El arrivo al hospital no fue distinto al viaje: Bajé por propio pie en dolorosa flexión que terminó en sangrado.

Subí a una silla de ruedas, que me encaminó a urgencias. Un niño sin pulgar a mi izquierda, y una señora vomitando sangre eran mis acompañantes.

Me subieron a un fregadero de lozas verdes, pusieron mi pierna cual traste sucio, y comenzaron a tallar, en busca de que quedara rechinando de limpio. Rechinaban mis dientes del dolor, y mis tripas para no vomitar. La enfermera sádica, adoraba su trabajo y sin pensar en mi dolor, continuaba quitando arena de la herida, y colocando en ella yodo.

El ardor era fuerte, el dolor profundo, y los calambres angustiantes. Casi pierdo el conocimiento.

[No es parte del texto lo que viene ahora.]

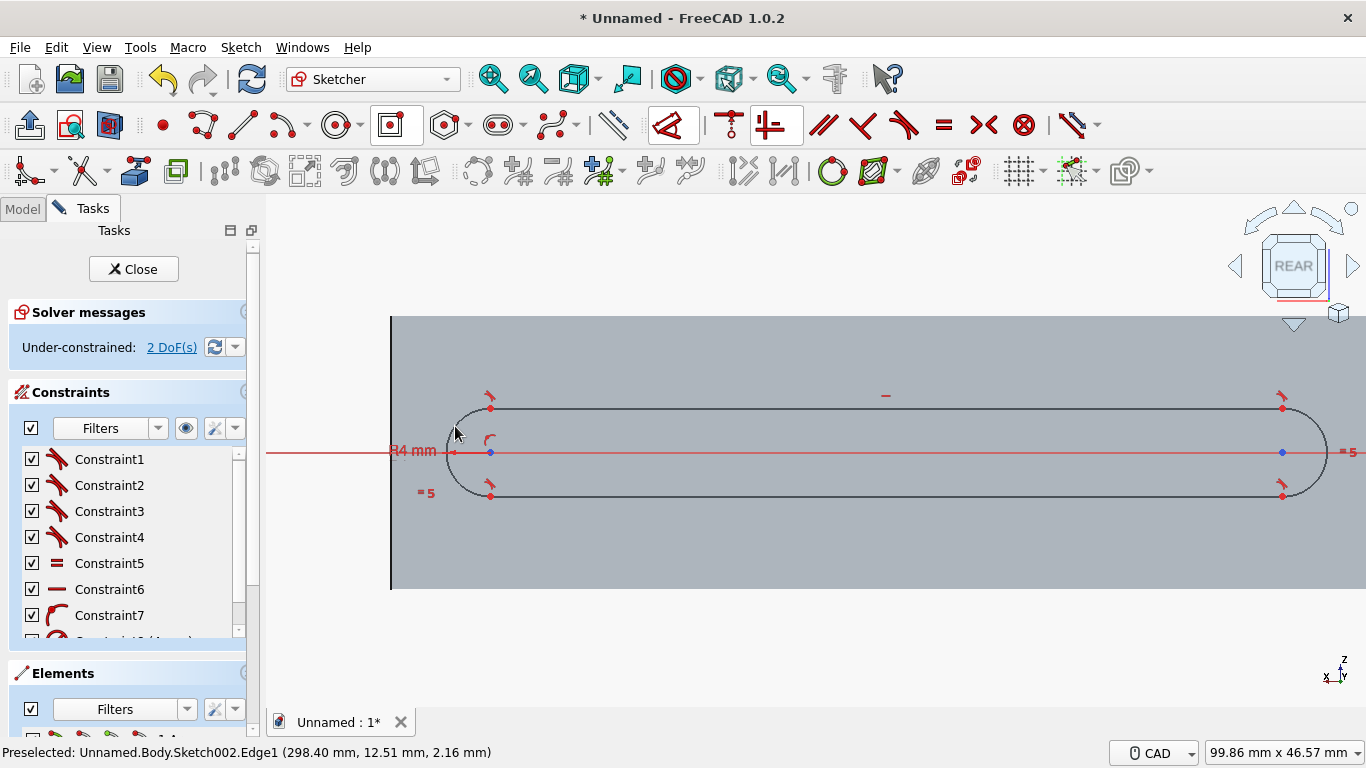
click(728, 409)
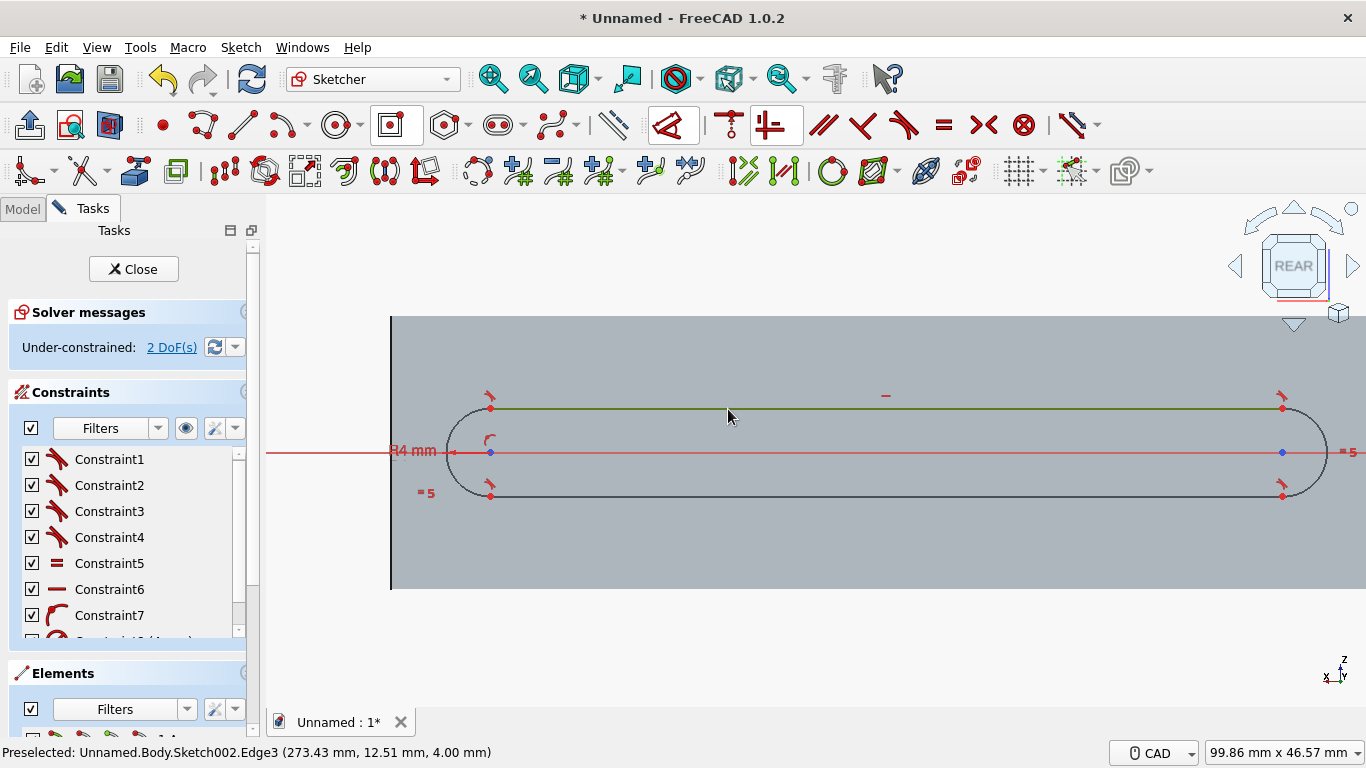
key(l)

A lo cual la otra enfermera decidió ponerme una intravenosa en mi mano. Hay que señalar que le tengo pánico a las agujas.

Me cambiaron a una camilla. Llegó una doctora que dio instrucciones para coser mi piel y músculos en busca de cerrar la herida.

Me inyectaron anestesia directa, es decir, justo donde tiene la carne al descubierto. Me quemó hasta la conciencia.

Comenzaron por coser el músculo; por así decirlo, primero cosían lo más cercano al hueso, y posteriormente coserían la piel.

18 puntadas le dieron al músculo un estiramiento masivo y doloroso. las consecuentes 22, ya en la piel, no resultaron más amigables.

Lo memorable de las últimas puntadas fue que la anestesia, ya no tenía efecto, se había diluido en mi sangre saturada de miedo y dolor.

La aguja penetraba la piel, para después jalar el hilo, que se tensaba cual cuerda de guitarra. Sentía el ir y venir de la aguja, con tal intensidad que una maestra que hacía de testigo decidió salir de allí por mi cara de sufrimiento.

Mi herida fue embalsamada. No podía mover la pierna sin sentir que la herida se abría, y ver como la sangre cubría las vendas que la recubrían. Mi herida tiempo después asemejaba una cara sonriente del punk.